# An Introduction to JAX

[JAX](https://jax.readthedocs.io/en/latest/index.html) is an advanced scientific computing library for Python. At a very crude level, it's an alternative to Numpy that provides auto-differentiation and Xcellerated Linear Algebra (XLA) that can run on GPUs. Unlike Tensorflow and PyTorch, it only operates within a functional programming paradism, where all functions must be pure (enforce referential transparency). It is developed and maintained by Google.

## Imports

In [1]:
import jax
import jax.numpy as jnp
import numpy as np

## JAX as Accelerated Numpy

JAX implements the Numpy API and more-often-than-not it can be used as a stand-in replacement.

In [2]:
x = jnp.array([1., 2., 3., 4., 5.])
x

DeviceArray([1., 2., 3., 4., 5.], dtype=float32)

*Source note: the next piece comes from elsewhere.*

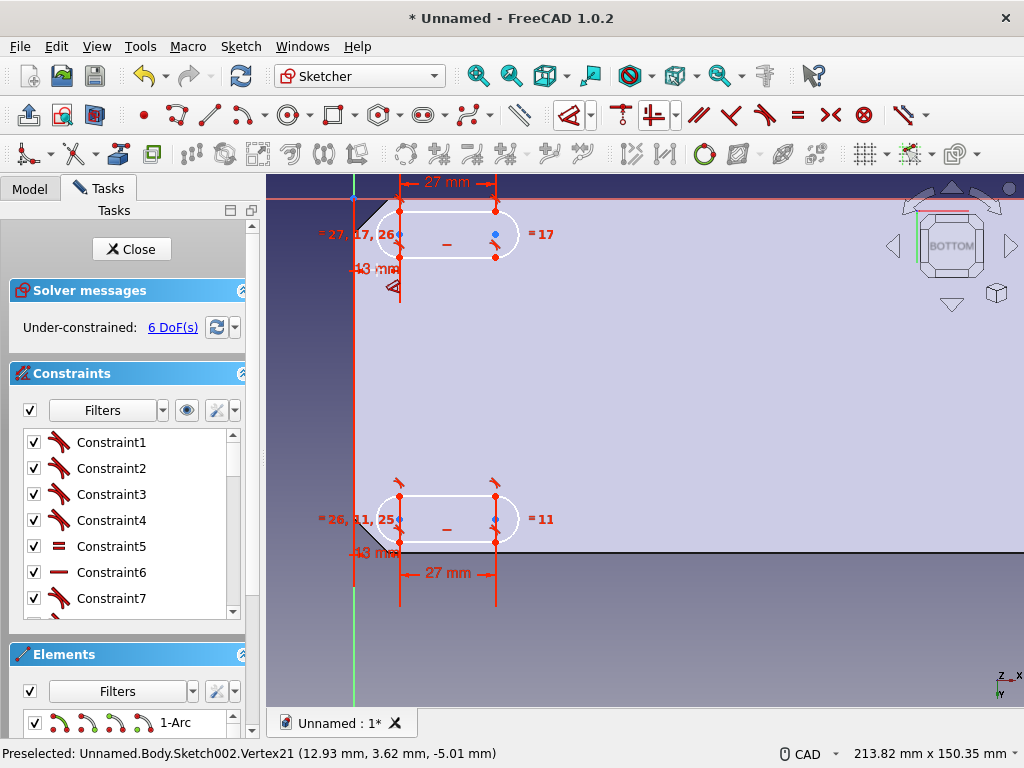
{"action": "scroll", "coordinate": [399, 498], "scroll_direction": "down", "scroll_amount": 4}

There are, however, a few subtle differences. Firstly, the output is of type `DeviceArray`, which represents an array on a particular device (CPU, GPU, etc.). To convert this back to raw Numpy, use the `to_py` method.

In [3]:
x.to_py()

array([1., 2., 3., 4., 5.], dtype=float32)

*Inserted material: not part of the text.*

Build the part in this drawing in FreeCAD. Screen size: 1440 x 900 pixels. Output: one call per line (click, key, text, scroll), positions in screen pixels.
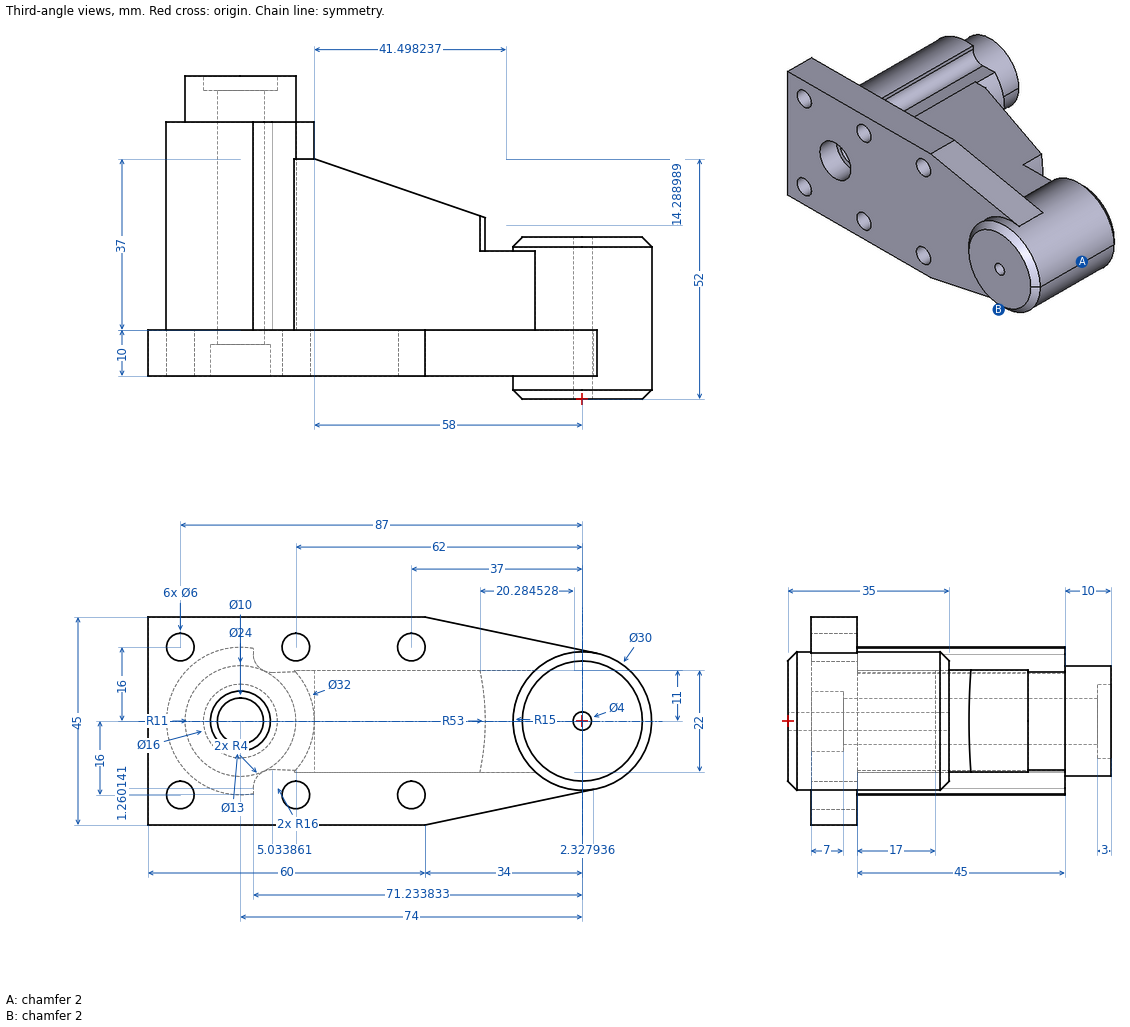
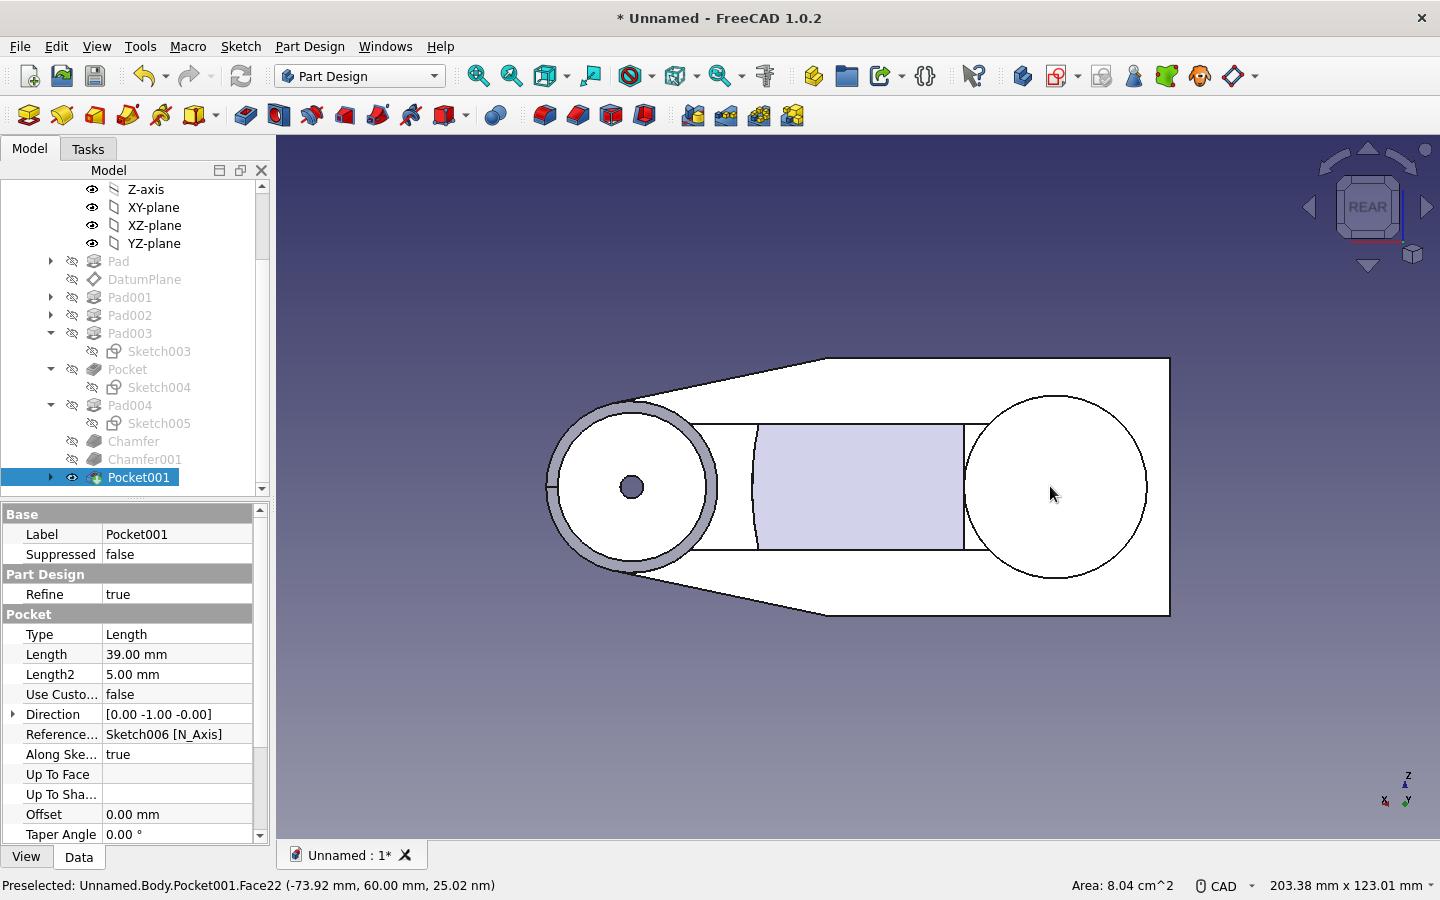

Secondly, when a JAX function is called, the corresponding operation is dispatched to an accelerator to be computed asynchronously when possible. The returned array is therefore not necessarily ‘filled in’ as soon as the function returns. Thus, if we don’t require the result immediately, the computation won’t block Python execution. If the computation is required - e.g., when using the `block_until_ready` method, converting to a Numpy array or printing a result, then the call to the computation will be blocking. See [Asynchronous dispatch](https://jax.readthedocs.io/en/latest/async_dispatch.html#asynchronous-dispatch) in the JAX docs.

In [4]:
y = jnp.dot(x, x).block_until_ready()

## Differentiation

Auto-differentiation is Jax follows a functional programming paradigm. For example, consider the following example from PyTorch,

```python
import torch

x = torch.tensor(2., requires_grad=True)
y = x ** 2
y.backward()
x.grad

# tensor(4.)
```

In Jax this would be implemented as follows,

In [22]:
def x_squared(x: jnp.DeviceArray) -> jnp.DeviceArray:
    return x ** 2


x_squared_dx = jax.grad(x_squared)
x_squared_dx(jnp.array(2.))

DeviceArray(4., dtype=float32, weak_type=True)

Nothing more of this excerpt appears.